◆ Excerpted data ◆
-*-
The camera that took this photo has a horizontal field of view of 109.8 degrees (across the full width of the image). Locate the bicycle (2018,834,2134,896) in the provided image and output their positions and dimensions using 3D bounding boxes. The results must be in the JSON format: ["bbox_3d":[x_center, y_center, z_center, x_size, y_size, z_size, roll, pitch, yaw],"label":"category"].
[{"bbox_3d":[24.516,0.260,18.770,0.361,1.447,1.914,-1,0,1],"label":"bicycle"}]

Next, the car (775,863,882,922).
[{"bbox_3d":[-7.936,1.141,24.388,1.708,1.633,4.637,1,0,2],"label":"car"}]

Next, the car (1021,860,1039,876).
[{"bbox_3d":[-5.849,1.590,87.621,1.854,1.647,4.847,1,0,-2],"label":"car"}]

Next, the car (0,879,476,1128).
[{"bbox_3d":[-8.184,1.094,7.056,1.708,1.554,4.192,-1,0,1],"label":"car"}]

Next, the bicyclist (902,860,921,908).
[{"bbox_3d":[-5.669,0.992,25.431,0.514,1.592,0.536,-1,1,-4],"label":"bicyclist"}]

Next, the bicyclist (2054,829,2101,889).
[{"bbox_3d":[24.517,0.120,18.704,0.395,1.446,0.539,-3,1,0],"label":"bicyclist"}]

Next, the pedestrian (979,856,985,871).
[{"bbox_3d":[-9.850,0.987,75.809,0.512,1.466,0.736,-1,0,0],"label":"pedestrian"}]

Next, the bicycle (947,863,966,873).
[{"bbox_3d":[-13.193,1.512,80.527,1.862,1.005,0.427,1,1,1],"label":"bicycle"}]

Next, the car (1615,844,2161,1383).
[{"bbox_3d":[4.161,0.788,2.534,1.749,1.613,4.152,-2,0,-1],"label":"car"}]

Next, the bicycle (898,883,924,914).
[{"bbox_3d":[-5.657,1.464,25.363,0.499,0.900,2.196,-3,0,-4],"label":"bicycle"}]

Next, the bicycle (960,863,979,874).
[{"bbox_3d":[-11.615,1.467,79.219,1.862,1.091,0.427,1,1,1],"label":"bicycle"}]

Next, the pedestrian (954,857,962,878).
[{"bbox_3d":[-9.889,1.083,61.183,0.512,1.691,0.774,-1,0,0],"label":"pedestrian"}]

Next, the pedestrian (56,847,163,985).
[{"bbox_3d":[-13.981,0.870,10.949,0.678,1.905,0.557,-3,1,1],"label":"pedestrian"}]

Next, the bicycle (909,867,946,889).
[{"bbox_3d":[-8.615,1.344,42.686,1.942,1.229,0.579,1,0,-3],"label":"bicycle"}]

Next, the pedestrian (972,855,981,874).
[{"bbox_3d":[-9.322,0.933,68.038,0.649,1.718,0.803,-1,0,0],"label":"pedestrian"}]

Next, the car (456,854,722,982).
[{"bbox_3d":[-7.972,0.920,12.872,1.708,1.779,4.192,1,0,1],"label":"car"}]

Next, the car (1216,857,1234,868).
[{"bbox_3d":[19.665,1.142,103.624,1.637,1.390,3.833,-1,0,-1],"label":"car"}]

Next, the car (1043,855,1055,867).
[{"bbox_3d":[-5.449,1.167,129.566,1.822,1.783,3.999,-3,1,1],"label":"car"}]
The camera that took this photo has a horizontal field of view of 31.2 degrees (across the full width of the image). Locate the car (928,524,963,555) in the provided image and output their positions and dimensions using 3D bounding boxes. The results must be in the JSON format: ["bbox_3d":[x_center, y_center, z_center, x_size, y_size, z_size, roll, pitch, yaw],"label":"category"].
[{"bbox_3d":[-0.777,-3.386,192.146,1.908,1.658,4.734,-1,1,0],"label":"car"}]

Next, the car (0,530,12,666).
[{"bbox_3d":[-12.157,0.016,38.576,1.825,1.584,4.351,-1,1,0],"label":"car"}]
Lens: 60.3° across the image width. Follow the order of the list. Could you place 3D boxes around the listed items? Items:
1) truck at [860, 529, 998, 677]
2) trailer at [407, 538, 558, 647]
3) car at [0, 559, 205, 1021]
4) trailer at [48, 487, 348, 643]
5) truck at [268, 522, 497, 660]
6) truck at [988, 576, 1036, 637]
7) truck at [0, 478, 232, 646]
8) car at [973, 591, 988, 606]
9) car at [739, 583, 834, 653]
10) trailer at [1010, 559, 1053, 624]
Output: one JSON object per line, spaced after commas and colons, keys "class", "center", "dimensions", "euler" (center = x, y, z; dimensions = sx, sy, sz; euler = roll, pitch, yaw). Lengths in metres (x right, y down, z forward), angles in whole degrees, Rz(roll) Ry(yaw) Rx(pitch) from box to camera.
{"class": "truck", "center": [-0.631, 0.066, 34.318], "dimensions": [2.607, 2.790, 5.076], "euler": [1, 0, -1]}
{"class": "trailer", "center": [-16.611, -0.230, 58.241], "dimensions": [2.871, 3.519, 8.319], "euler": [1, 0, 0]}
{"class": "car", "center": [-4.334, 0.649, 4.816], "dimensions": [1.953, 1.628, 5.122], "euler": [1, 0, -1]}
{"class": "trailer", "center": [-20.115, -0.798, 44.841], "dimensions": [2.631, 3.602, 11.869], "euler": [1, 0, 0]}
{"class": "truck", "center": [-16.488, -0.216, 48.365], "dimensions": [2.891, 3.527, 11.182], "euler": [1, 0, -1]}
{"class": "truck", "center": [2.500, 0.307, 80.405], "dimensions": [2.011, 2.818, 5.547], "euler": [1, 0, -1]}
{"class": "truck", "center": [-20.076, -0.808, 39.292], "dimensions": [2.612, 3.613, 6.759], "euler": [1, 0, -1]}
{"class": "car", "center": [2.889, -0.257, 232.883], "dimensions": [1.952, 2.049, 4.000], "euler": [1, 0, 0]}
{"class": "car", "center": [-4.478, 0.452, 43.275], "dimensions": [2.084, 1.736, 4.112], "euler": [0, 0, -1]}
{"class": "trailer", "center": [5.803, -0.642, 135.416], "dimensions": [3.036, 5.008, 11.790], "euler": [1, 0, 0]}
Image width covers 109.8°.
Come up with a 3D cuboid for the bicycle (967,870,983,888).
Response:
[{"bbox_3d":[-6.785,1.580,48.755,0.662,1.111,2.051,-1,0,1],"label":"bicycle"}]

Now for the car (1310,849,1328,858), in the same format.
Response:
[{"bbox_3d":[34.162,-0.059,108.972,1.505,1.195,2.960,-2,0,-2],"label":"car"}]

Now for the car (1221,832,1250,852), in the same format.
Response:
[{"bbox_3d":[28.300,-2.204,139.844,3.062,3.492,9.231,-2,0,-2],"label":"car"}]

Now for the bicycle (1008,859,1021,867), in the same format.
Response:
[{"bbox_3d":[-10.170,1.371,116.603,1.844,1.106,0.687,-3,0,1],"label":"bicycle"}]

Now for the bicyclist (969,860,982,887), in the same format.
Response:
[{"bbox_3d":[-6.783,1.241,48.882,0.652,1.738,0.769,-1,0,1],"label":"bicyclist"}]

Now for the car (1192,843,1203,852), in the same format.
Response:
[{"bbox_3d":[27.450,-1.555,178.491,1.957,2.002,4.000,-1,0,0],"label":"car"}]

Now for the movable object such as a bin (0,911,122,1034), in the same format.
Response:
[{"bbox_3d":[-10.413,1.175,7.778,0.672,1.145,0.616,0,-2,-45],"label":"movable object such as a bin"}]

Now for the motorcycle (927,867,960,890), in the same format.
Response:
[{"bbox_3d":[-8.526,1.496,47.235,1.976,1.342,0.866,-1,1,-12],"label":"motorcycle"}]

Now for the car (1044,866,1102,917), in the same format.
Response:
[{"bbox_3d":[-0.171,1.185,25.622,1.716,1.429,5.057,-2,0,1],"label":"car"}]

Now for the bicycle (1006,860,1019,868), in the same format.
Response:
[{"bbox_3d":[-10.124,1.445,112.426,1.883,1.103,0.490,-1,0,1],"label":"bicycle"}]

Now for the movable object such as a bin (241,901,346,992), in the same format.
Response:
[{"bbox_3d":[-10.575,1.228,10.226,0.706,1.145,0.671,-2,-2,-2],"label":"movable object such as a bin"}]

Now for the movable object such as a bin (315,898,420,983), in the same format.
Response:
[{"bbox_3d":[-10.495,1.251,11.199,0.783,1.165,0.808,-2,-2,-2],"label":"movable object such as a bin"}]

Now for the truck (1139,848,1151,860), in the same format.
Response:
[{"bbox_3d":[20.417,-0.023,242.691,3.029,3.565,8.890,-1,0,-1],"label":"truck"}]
-*-
◆ Work order ◆
Extract every line above containing the word "same".

◆ Exercise solution ◆
Now for the car (1310,849,1328,858), in the same format.
Now for the car (1221,832,1250,852), in the same format.
Now for the bicycle (1008,859,1021,867), in the same format.
Now for the bicyclist (969,860,982,887), in the same format.
Now for the car (1192,843,1203,852), in the same format.
Now for the movable object such as a bin (0,911,122,1034), in the same format.
Now for the motorcycle (927,867,960,890), in the same format.
Now for the car (1044,866,1102,917), in the same format.
Now for the bicycle (1006,860,1019,868), in the same format.
Now for the movable object such as a bin (241,901,346,992), in the same format.
Now for the movable object such as a bin (315,898,420,983), in the same format.
Now for the truck (1139,848,1151,860), in the same format.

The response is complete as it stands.